Abstract
This study aimed to isolate microorganisms from gelatin production systems, an extreme environment, which were prospected to isolate bacteria that secreted keratin degrading proteases. Keratin protein-containing materials are major by-products of the livestock and poultry processing industries. Keratin protein may have potential applications in food and nutrition; however, keratins are resistant to degradation by many common proteases, including those in the digestive system. Prospecting for proteases that possess keratin-degrading capability would enable utilization of keratin protein. Specialized environments such as that used for gelatin production, involves alkaline pre-treatment of animal hide in conditioning baths that leads to the release of animal skin, hair, and bone debris. The bath liquor and debris may harbour bacteria that may secrete keratinases in response to keratin containing materials in the environment.
The isolation of protease-secreting microorganisms was achieved by the cultivation of the above materials at 37oC in either (1) liquid broth Tris TSB (tryptic soy broth (TSB) containing 50 mM Tris with final media pH 8.5 or 10.8), or (2) on milk TSA agar (tryptic soy agar (TSA) containing 50 mM Tris and 1% (w/v) low-fat milk with final media pH approximately 8.8). Microorganisms were not able to be isolated at pH 10.8, but some species grew on Tris TSB at pH 8.5 and on milk TSA. Microbial colonies on milk TSA were collected and identified by 16S rRNA gene sequencing. Sequence comparison with online databases showed that microorganisms isolated from conditioning bath liquors (CBLs) were primarily from Bacillus genus, while those isolated from animal hide, hair and bone debris were members of Aeromonas genus. The microbial communities associated with two types of CBLs which were used to pre-treat the animal hide for 5 and 45 days, i.e. CBL C5 and CBL D45 respectively were investigated via metagenomic 16S V3-V4 rRNA amplicon sequencing using an Illumina MiSeqTM platform. The 16S rRNA gene libraries were demultiplexed, denoised/clustered, and then taxonomically classified using reference sequences from the Silva 16S databases using Qiime2 software. The results showed that both CBLs contained numerous genera of microbes made up predominantly of Burkholderiaceae, Enterobacteriaceae, and Carnobacteriaceae. And, these may not be viable microorganisms. The alpha and beta diversity of CBLs were also not substantially different.
Two strains of Bacillus licheniformis that were encoded CP7 and DP1 were chosen for the studies, due to the generally recognized as safe (GRAS) status of many members of this bacterial species.

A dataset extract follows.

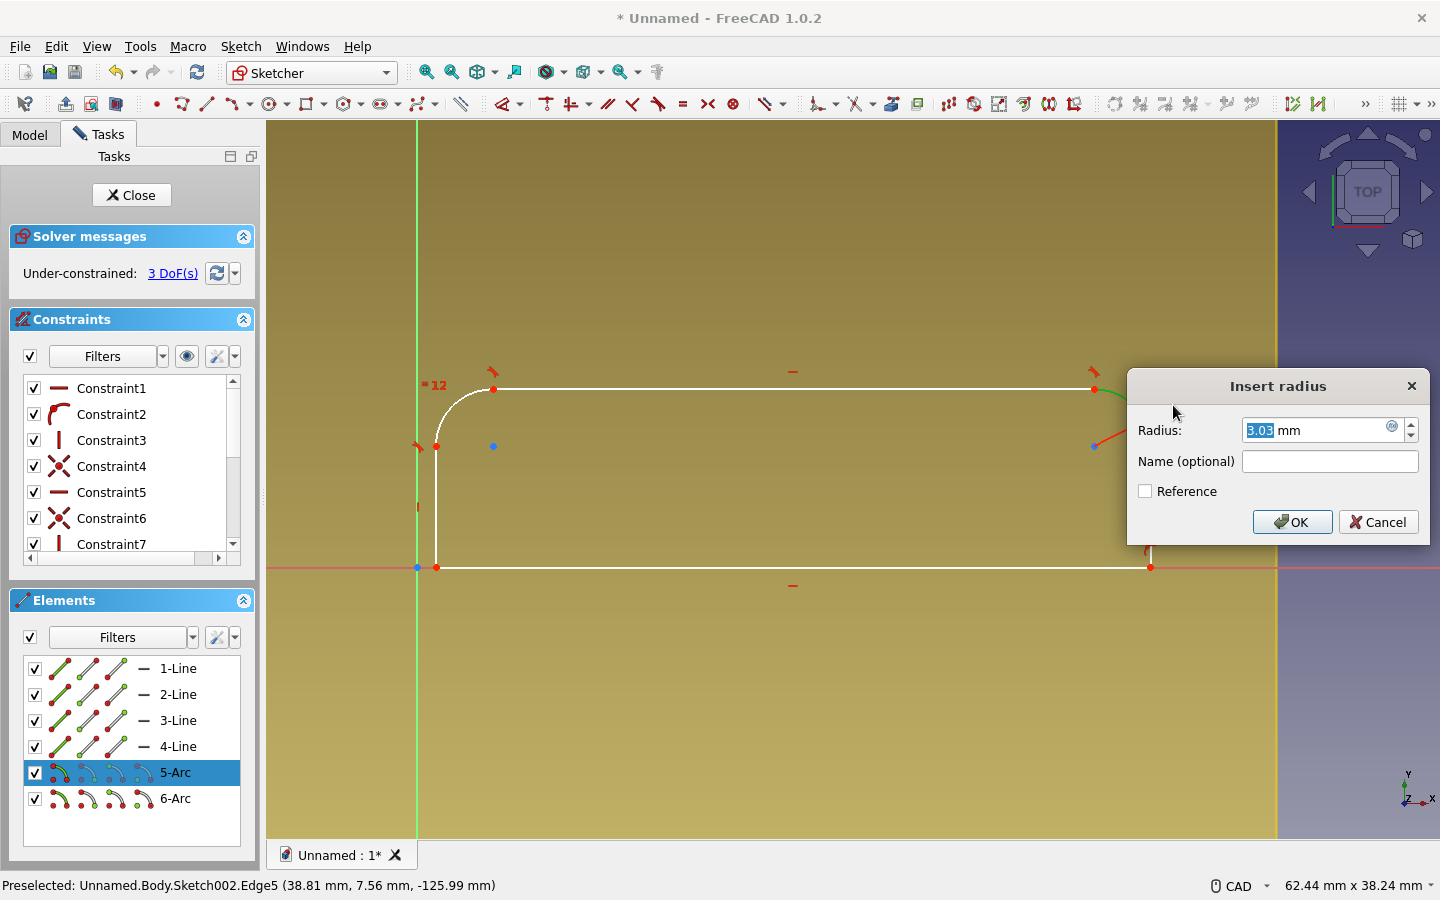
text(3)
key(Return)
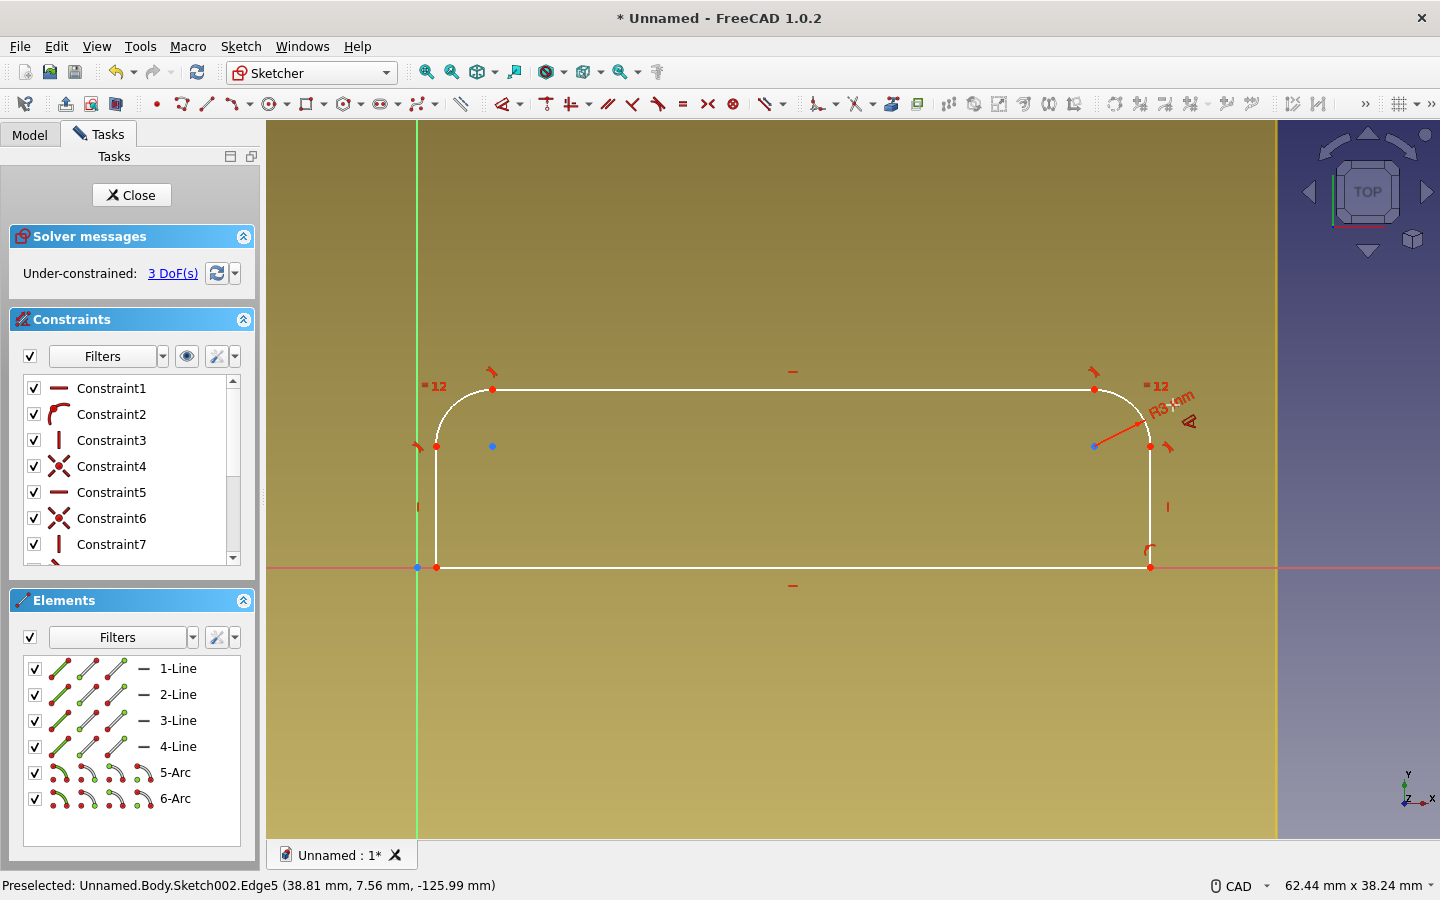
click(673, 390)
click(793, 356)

The strains were evaluated for optimum growth conditions and nutrient requirement for the production of extracellular proteases, assayed using either casein or extracted soluble wool keratin as substrates. The results indicated that the optimum cultivation conditions for protease production by CP7 was 50oC, pH 7.5, 200 rpm, 24 h in sucrose, wool, NaCl and K2HPO4 (SWNK) media containing (w/v) 1.5% sucrose, 0.434 % wool, 5% NaCl and 70 mM K2HPO4, and for DP1, 50oC, pH 9.0, 200 rpm and 24 h in sucrose-malt extract, NaCl and K2HPO4 (SMNK) media containing 0.5% sucrose, 0.5% malt extract, 5% NaCl, and 70 mM K2HPO4. Only CP7 was found to be capable of producing keratinase(s) with the capability to degrade native chicken feather and wool. CP7 cell pellet was also investigated but was found to have quite a low level of proteases. The secreted CP7 proteases were harvested from the growth media and concentrated by ammonium sulphate precipitation. Two major protease containing fractions were obtained by anion exchange chromatography (Q-FPLC), which exhibited the capability of degrading keratin-containing materials. The target protease fractions were further fractionated using gel permeation (S100-FPLC) and analysed by reversed-phase chromatography (RP-HPLC). The protein and hydrolytic profiles of the protease fractions were investigated using SDS-PAGE and gelatin zymography. Protein gel bands were excised and subjected to in-gel digestion and LC-MS/MS for protein identification. Two protease fractions (QP0 SP2 and QP1 SP3) analysed were found to contain protease related to B. licheniformis Subtilisin Carlsberg. The optimal activity of the proteases was found to be 60oC, pH 10.0 and pH 6.0-10.0, respectively. This research has provided further insight into culturable protease-producing microorganisms in such gelatin production alkaline environment. Although the proteases analysed in this study have similar sequence homology to subtilisin Carlsberg, they appear to require different conditions for optimal activity. Various metal ions, protease inhibitors, reducing agents, and a detergent were also used to characterize both QP0 SP2 and QP1 SP3.